Required work:
Leave out the pictures. Return every record otherwise untouched.

Items from a dataset:

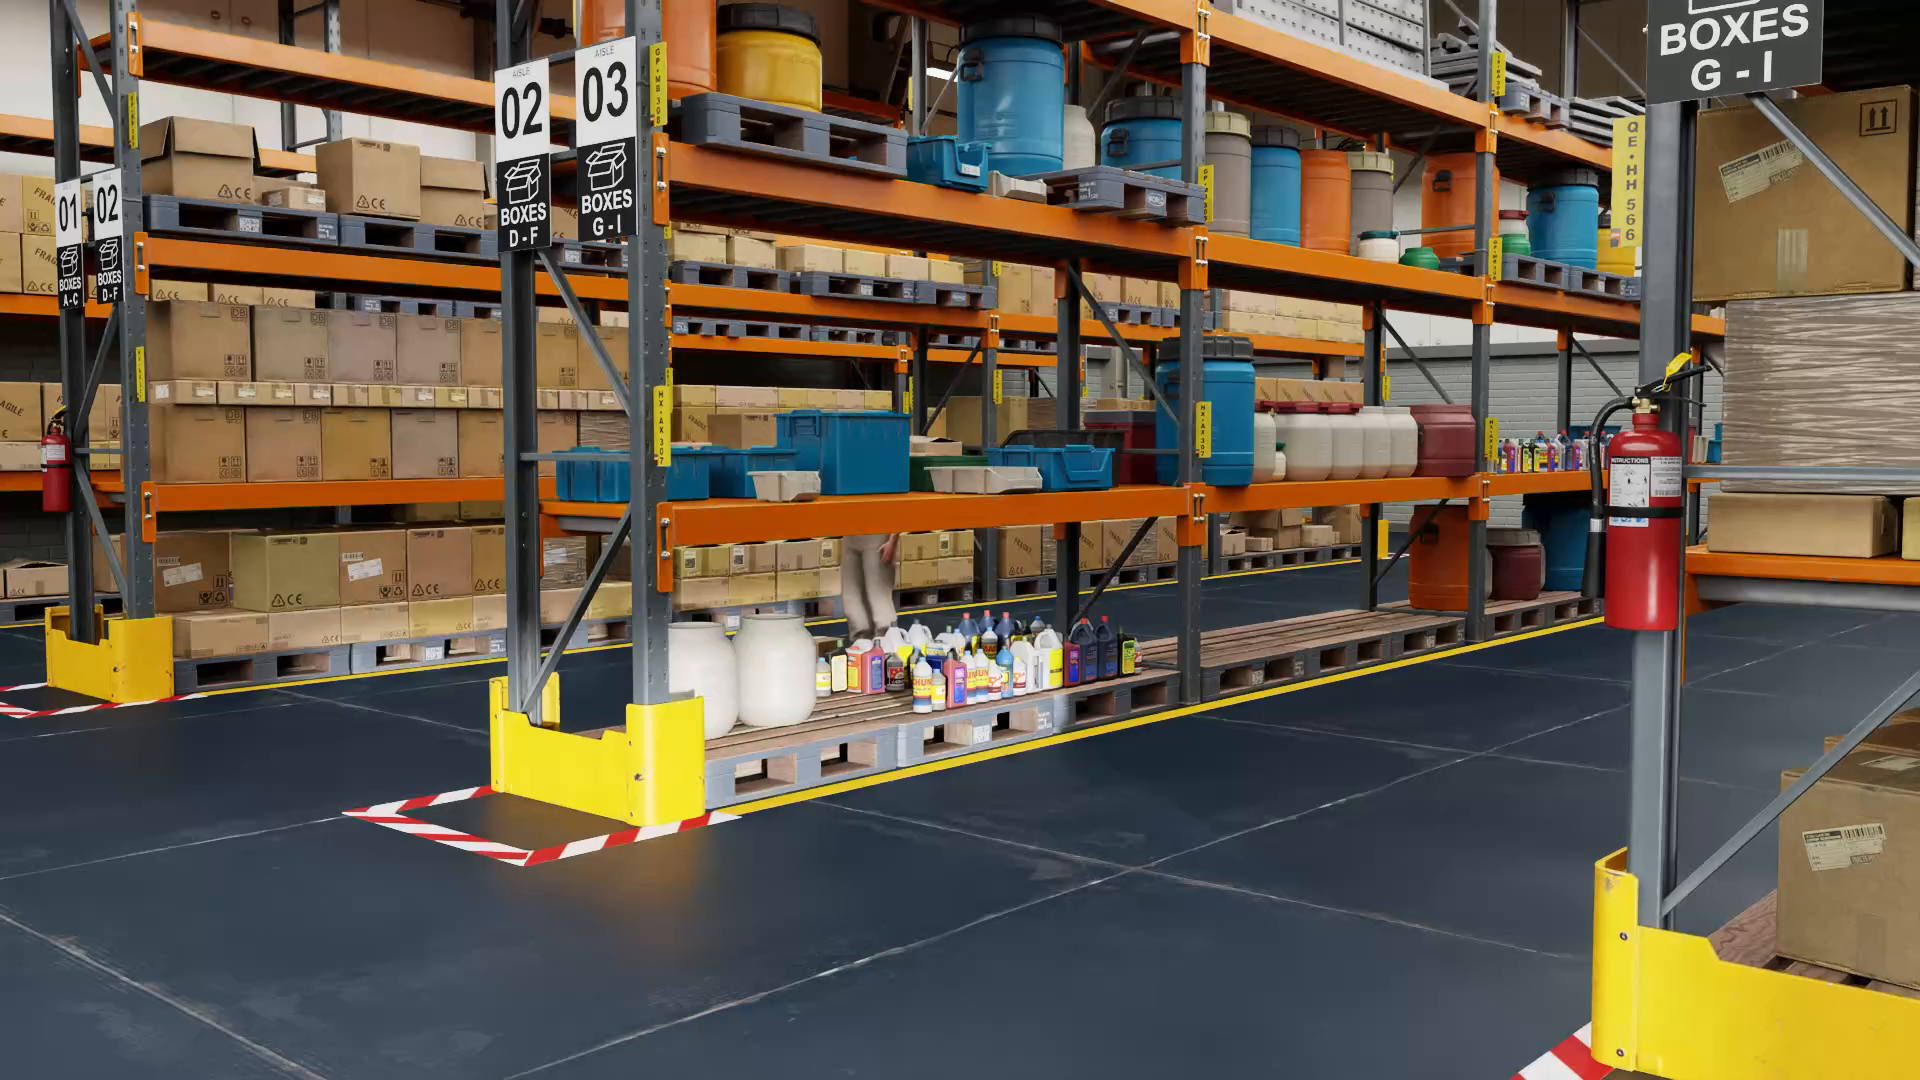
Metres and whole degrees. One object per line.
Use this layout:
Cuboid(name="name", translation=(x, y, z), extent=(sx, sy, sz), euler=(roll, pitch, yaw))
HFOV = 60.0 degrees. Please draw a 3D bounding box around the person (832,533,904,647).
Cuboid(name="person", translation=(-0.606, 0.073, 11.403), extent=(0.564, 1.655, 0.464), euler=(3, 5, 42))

Written solution:
Metres and whole degrees. One object per line.
Use this layout:
Cuboid(name="name", translation=(x, y, z), extent=(sx, sy, sz), euler=(roll, pitch, yaw))
HFOV = 60.0 degrees. Please draw a 3D bounding box around the person (832,533,904,647).
Cuboid(name="person", translation=(-0.606, 0.073, 11.403), extent=(0.564, 1.655, 0.464), euler=(3, 5, 42))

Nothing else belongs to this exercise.